* Directions for this task: Can you quote exactly the stretch of lines from the one with "table_cell [106, 684, 146, 773]" through the final line of the material, both ends included?
+---+
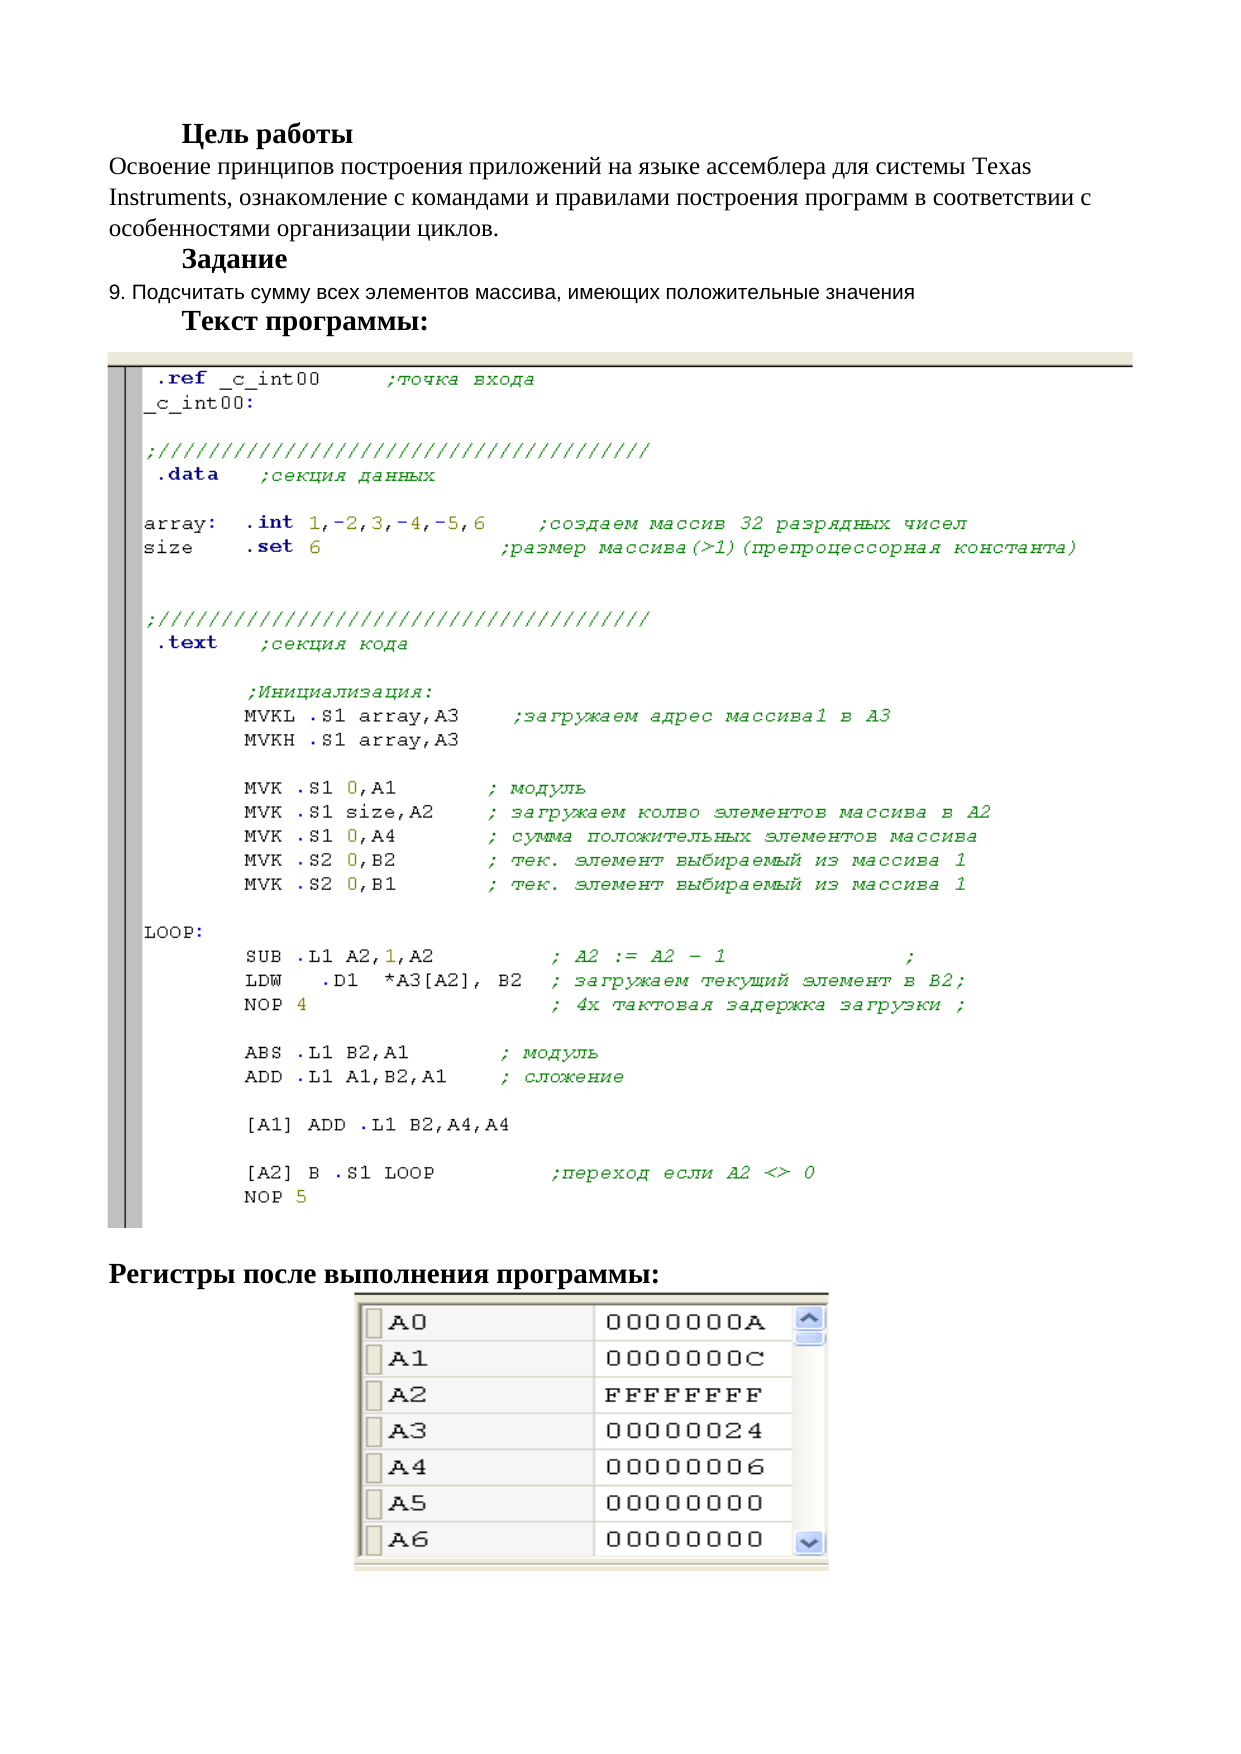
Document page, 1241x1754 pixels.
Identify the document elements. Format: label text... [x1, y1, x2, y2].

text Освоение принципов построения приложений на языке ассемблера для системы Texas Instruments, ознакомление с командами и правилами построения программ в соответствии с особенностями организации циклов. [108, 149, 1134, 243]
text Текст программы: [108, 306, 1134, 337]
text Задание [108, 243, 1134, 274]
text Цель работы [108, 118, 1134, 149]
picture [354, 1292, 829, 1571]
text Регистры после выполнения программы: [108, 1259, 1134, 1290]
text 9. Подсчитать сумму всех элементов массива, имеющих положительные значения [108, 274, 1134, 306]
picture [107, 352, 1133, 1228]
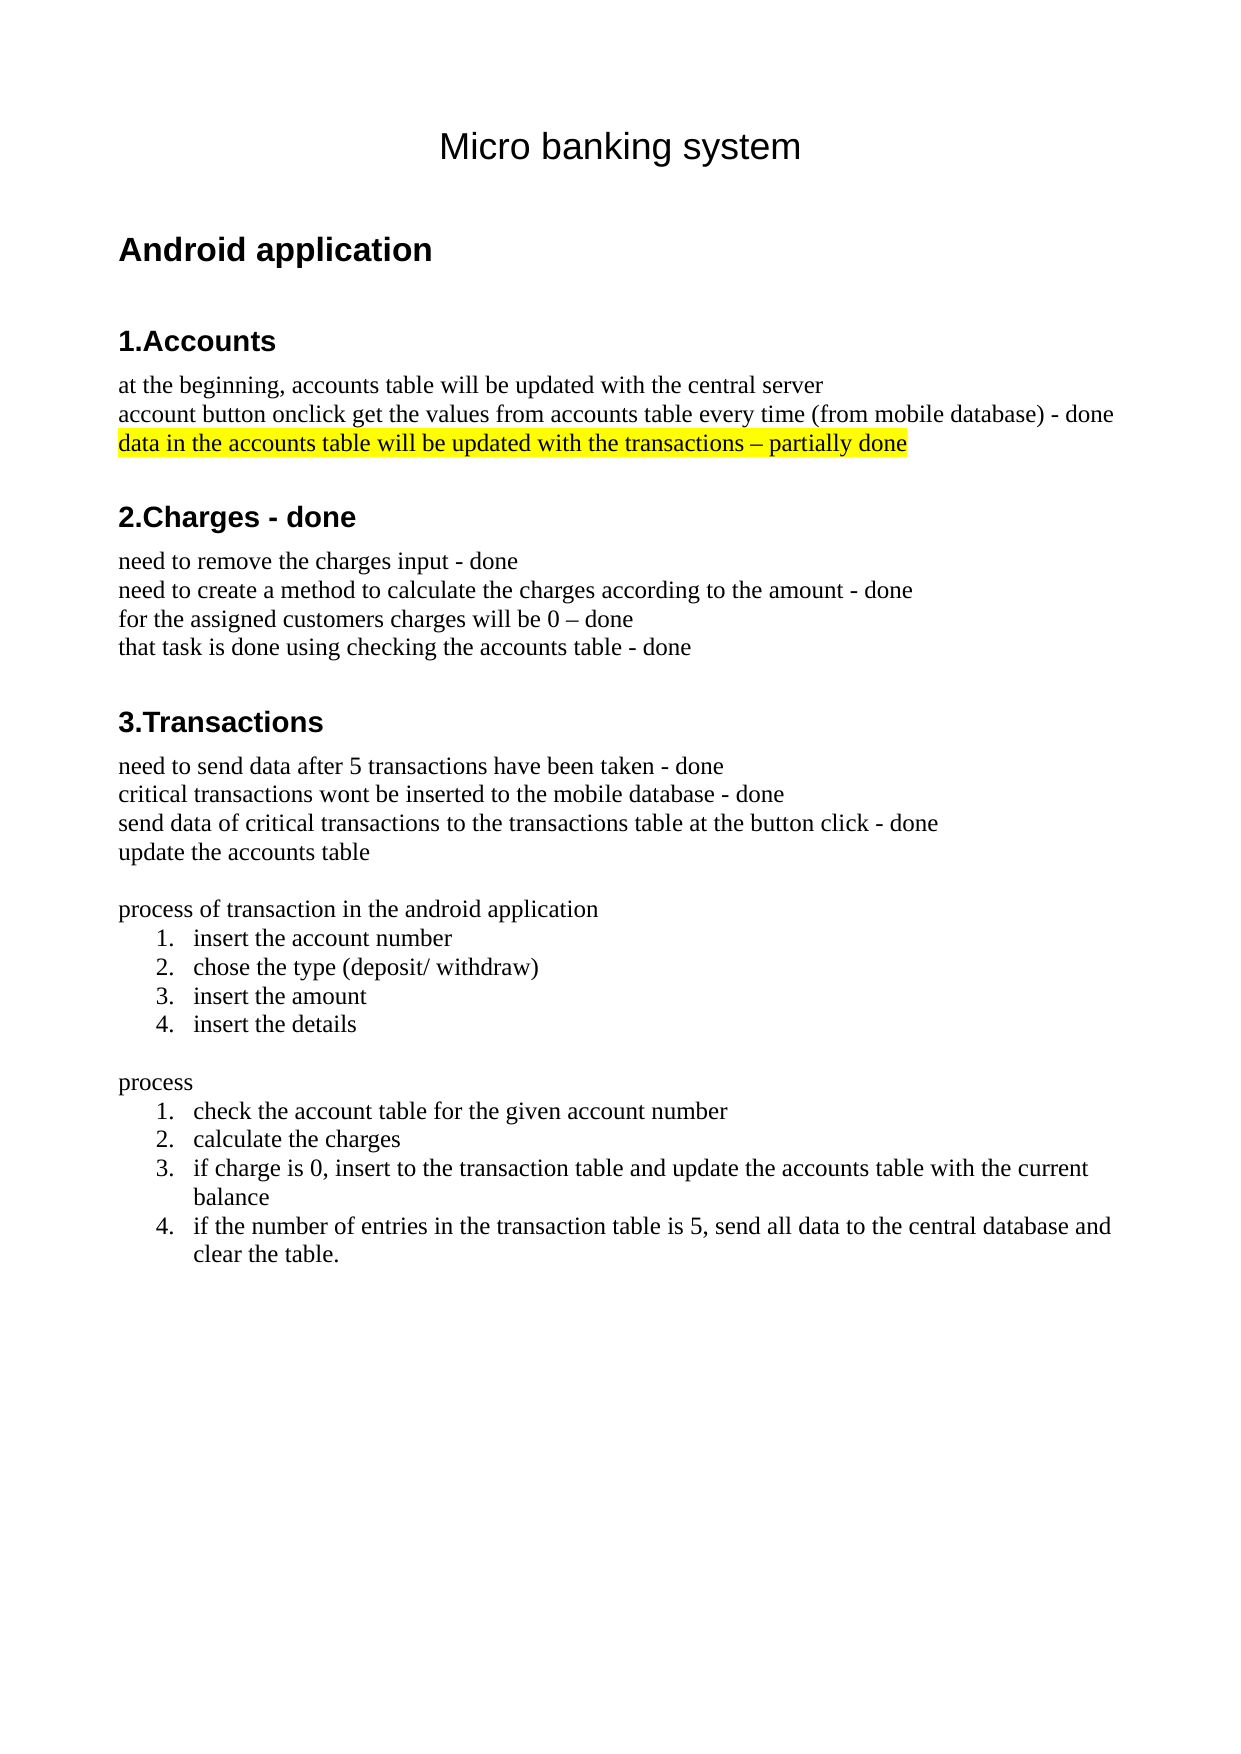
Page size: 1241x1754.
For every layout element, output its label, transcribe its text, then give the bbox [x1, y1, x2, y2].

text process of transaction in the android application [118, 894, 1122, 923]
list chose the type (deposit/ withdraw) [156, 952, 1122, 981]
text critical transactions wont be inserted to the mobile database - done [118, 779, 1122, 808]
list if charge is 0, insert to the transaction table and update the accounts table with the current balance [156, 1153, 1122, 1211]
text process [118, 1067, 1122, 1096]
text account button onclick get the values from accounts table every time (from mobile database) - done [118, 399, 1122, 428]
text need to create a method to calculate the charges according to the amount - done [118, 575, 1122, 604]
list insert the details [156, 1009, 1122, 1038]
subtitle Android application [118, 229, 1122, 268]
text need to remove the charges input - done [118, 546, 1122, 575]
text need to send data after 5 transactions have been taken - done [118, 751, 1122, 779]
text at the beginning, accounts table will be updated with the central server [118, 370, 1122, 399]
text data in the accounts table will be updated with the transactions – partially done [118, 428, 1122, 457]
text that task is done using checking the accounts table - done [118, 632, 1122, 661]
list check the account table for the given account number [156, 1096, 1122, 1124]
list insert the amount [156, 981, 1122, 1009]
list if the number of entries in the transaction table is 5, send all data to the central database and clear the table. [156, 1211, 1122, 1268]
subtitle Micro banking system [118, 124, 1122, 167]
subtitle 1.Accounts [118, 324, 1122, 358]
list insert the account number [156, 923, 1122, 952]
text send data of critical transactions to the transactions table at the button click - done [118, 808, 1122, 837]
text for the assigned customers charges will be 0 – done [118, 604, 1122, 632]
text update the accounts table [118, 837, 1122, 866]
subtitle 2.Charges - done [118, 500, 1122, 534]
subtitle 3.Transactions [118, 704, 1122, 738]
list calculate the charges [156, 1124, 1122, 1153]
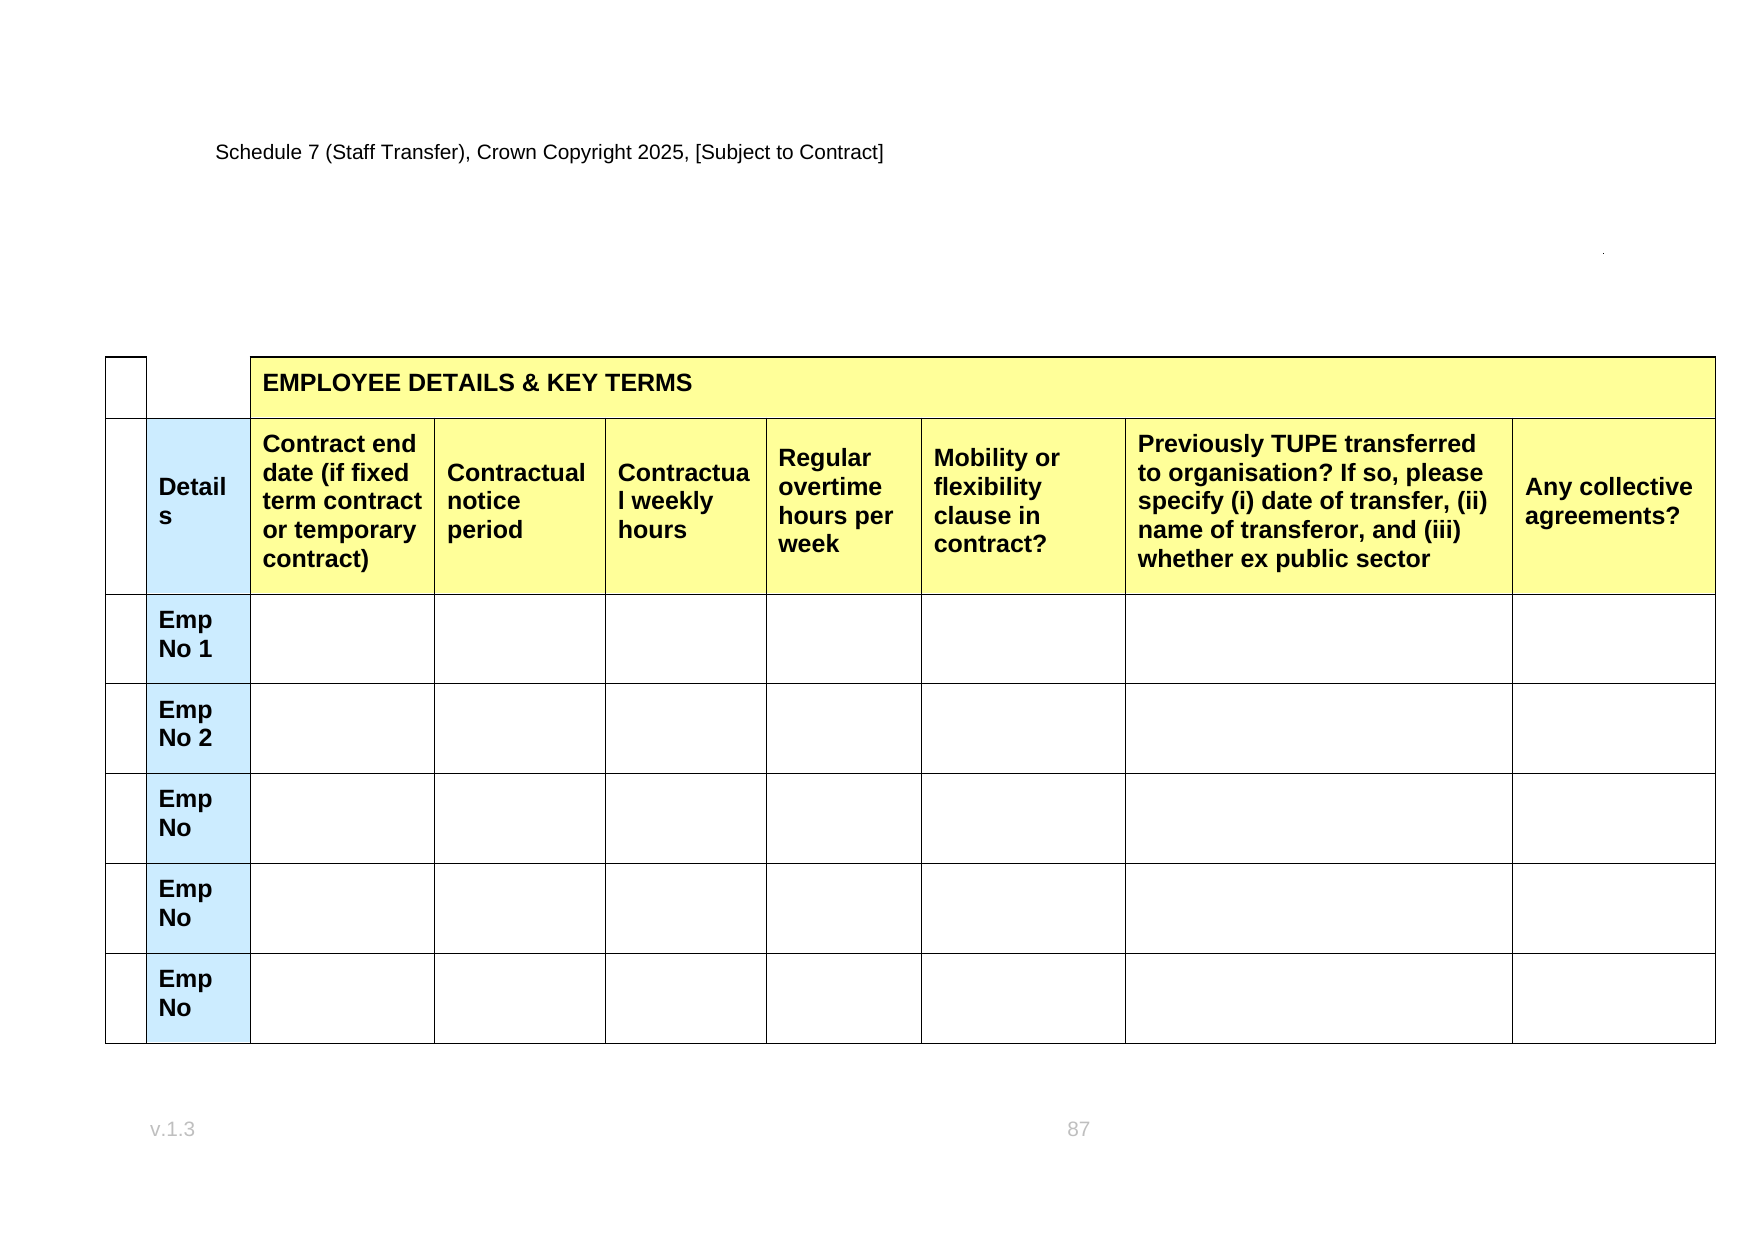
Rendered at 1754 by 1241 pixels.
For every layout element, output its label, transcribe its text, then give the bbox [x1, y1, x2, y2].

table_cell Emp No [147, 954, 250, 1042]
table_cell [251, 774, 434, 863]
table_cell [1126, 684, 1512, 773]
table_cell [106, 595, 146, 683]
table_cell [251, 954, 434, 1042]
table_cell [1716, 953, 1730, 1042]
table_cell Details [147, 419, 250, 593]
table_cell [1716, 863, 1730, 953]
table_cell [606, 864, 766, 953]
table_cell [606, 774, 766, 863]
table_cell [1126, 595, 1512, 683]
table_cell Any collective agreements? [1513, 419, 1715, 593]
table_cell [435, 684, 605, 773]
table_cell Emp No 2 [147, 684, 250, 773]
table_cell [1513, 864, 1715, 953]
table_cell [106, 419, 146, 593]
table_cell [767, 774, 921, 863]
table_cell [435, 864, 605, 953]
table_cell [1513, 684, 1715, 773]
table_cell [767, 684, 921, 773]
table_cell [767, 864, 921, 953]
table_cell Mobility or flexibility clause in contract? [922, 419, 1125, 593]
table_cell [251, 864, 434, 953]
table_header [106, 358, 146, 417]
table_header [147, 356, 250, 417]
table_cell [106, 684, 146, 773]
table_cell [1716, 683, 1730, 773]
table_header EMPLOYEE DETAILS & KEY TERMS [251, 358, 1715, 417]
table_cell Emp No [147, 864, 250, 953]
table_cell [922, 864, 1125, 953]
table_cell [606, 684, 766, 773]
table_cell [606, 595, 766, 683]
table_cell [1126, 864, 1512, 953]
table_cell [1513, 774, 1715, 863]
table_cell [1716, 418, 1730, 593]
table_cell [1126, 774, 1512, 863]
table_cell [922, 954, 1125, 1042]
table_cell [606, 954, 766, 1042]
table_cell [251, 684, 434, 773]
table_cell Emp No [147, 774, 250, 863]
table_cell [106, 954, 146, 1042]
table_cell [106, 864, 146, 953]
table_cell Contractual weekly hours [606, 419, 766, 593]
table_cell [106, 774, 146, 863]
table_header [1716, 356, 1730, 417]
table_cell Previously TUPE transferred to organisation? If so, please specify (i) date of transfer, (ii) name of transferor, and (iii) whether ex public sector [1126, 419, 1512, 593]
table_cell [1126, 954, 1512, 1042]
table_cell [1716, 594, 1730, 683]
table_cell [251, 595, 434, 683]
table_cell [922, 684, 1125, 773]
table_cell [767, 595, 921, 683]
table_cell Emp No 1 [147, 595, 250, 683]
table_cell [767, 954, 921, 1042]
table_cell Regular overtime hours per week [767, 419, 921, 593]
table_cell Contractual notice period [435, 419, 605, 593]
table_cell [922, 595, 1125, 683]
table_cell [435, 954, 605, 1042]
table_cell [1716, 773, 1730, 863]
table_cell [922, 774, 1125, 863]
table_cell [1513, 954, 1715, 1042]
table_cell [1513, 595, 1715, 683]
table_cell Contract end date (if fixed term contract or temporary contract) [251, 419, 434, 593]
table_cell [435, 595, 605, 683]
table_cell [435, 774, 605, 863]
+---+
* Response to this task:
table_cell [106, 684, 146, 773]
table_cell [1716, 683, 1730, 773]
table_header EMPLOYEE DETAILS & KEY TERMS [251, 358, 1715, 417]
table_cell Emp No [147, 864, 250, 953]
table_cell [922, 864, 1125, 953]
table_cell [606, 684, 766, 773]
table_cell [606, 595, 766, 683]
table_cell [1126, 864, 1512, 953]
table_cell [1513, 774, 1715, 863]
table_cell [1716, 418, 1730, 593]
table_cell [1126, 774, 1512, 863]
table_cell [922, 954, 1125, 1042]
table_cell [606, 954, 766, 1042]
table_cell [251, 684, 434, 773]
table_cell Emp No [147, 774, 250, 863]
table_cell [106, 954, 146, 1042]
table_cell [106, 864, 146, 953]
table_cell Contractual weekly hours [606, 419, 766, 593]
table_cell [106, 774, 146, 863]
table_header [1716, 356, 1730, 417]
table_cell Previously TUPE transferred to organisation? If so, please specify (i) date of transfer, (ii) name of transferor, and (iii) whether ex public sector [1126, 419, 1512, 593]
table_cell [1126, 954, 1512, 1042]
table_cell [1716, 594, 1730, 683]
table_cell [251, 595, 434, 683]
table_cell [922, 684, 1125, 773]
table_cell [767, 595, 921, 683]
table_cell Emp No 1 [147, 595, 250, 683]
table_cell [767, 954, 921, 1042]
table_cell Regular overtime hours per week [767, 419, 921, 593]
table_cell Contractual notice period [435, 419, 605, 593]
table_cell [922, 595, 1125, 683]
table_cell [435, 954, 605, 1042]
table_cell [1716, 773, 1730, 863]
table_cell [922, 774, 1125, 863]
table_cell [1513, 954, 1715, 1042]
table_cell [1513, 595, 1715, 683]
table_cell Contract end date (if fixed term contract or temporary contract) [251, 419, 434, 593]
table_cell [435, 595, 605, 683]
table_cell [435, 774, 605, 863]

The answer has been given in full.